Это говорит о том, что в целом, скорей всего, ситуация в Беларуси стала очевидным триггером для усиления реализации стратегии на длительной конфронтации с Западом.
Своего рода это изоляционизм под давлением, когда, вероятно, ни один сценарий — ни ослабление санкций, ни нормализация отношения — больше не лежат на столе, они все задвинуты в нижние ящики рабочих столов, а на стол положены самые худшие сценарии конфронтации экономической, политической с Западом. И отсюда будет вытекать весь комплекс вещей, связанных с идеологий, с пропагандой, с информационной политикой, с политической повесткой, борьбой и лозунгами в ближайший код.
Так что, по крайней мере, у меня ощущение, я наблюдаю такой, более определенный, чем, скажем, две-три недели назад разворот в сторону того, что дело не в Лукашенко, а дело в нас. Что если эта модель сработает, то, считай, всё пропало и у нас.
Потому что я сейчас, когда смотрю основные тезисы, которые разрабатываются, я так понимаю, главными идеологами и даются в уста пропагандистов, они призваны максимально тесно увязать события в Белоруссии сегодня с судьбой Украины, которая за эти годы пропаганды воспринимается как трагическая, драматическая судьба братского народ, который повелся на обещания в Белоруссии.

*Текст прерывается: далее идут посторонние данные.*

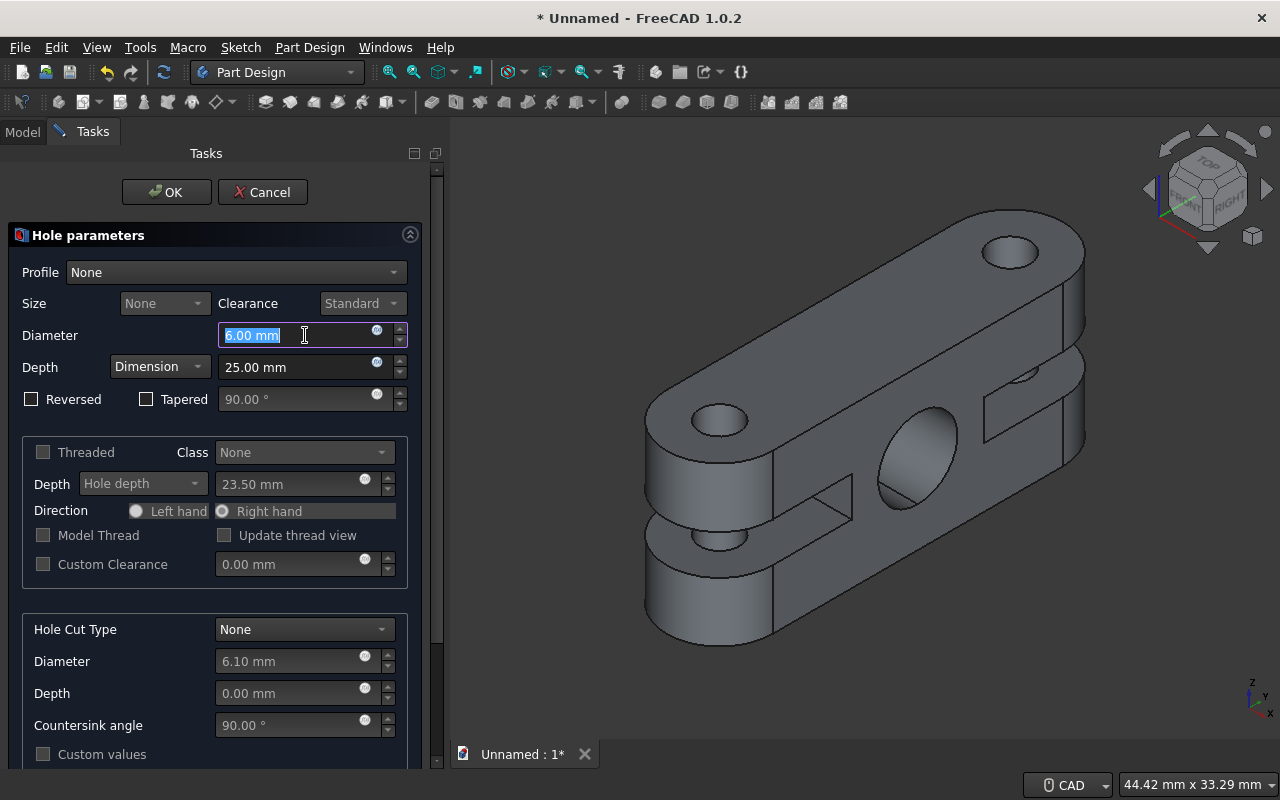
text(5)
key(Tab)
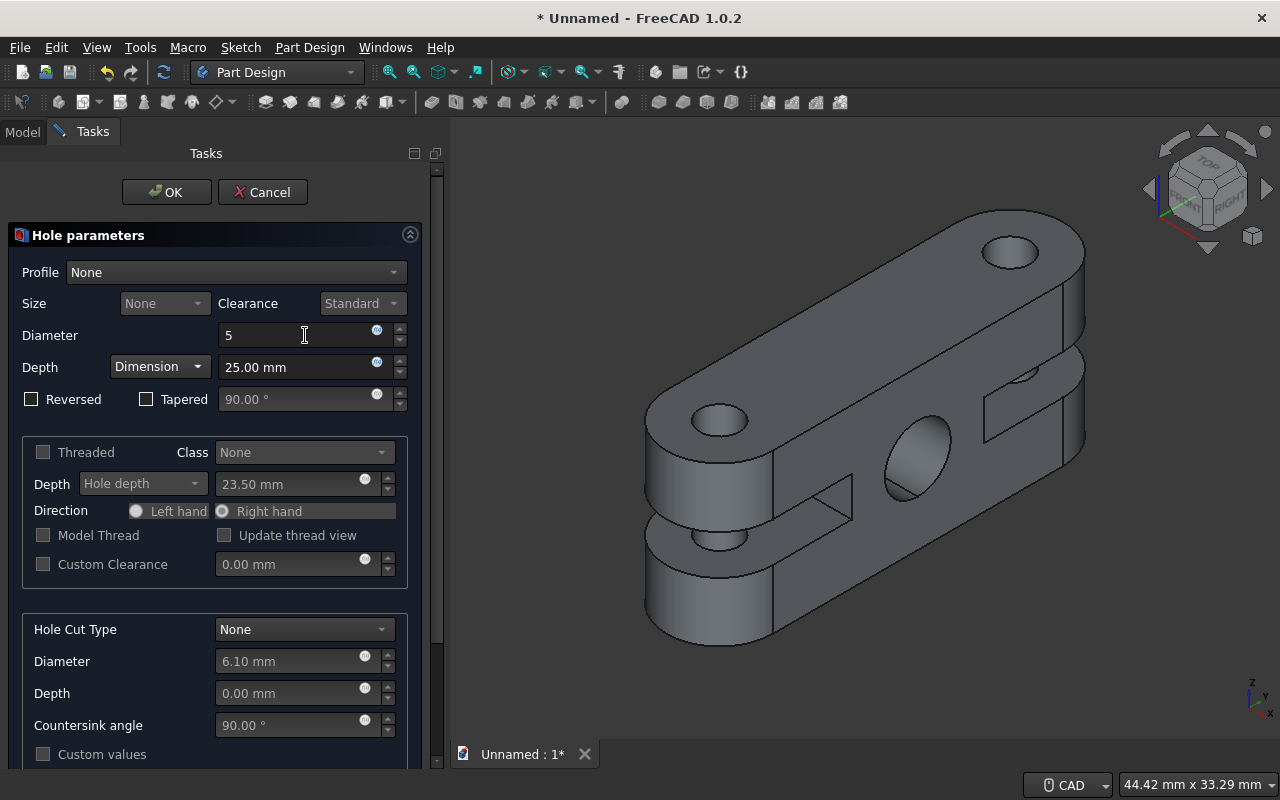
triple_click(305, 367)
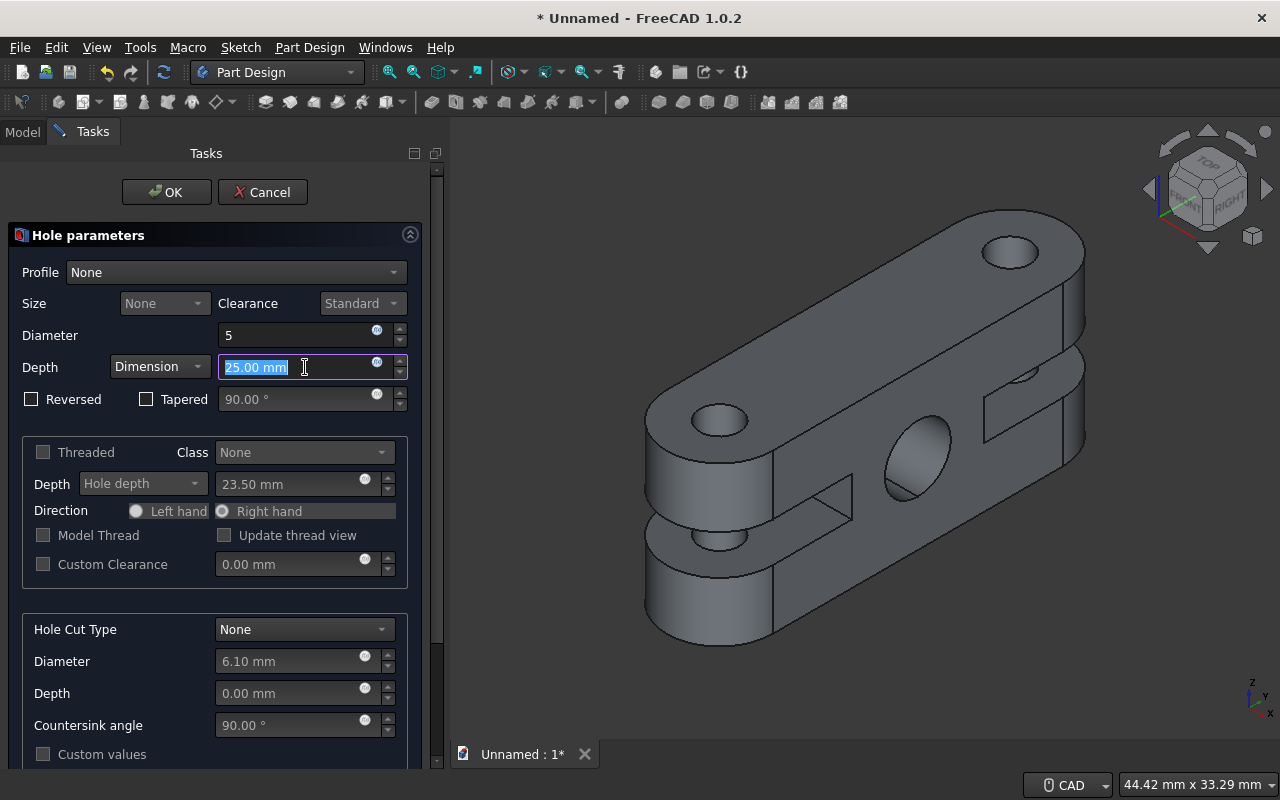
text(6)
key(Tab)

А мы помним, что ситуация в Украине была опасна, прежде всего, примером, что смена власти, легитимность даже законно избранного президента могут ставиться под сомнения протестующими, выступающими против, если они считают, что законно избранный президент не решает их ключевых проблем.Вот, мне кажется, что эта опасность такого развития в Украине 6 лет назад, она была пропагандистски доведена до совершенства и сейчас полностью эта калька начинает прикладываться к белорусским событиям. Даже простой народ подбирается к комментариям, который говорит: «Вы что, не видите, что было? Не повторяйте наш пример». Мне кажется, что выбор сделан.
С.Крючков― А удастся продать эту пропагандистскую картинку по аналогии с украинской? Потому что мы видим: те же люди и число их не убывает, во всяком случае, внутри самой Белоруссии.
К.Ремчуков― Они, я не думаю, что эту картинку продали и в Украине кому-то. Это не вопрос продажи, а вопрос консолидации внутри России вокруг каких-то ключевых тем, что Россия осаждена, и главный враг, он, оказывается не ракетами размахивает, хотя на это у нас есть «Авангард», если он будет размахивать, а главный враг — этот оранжизм, эти технологии «оранжевой революции». И повторяют все вот эти заезженные вещи.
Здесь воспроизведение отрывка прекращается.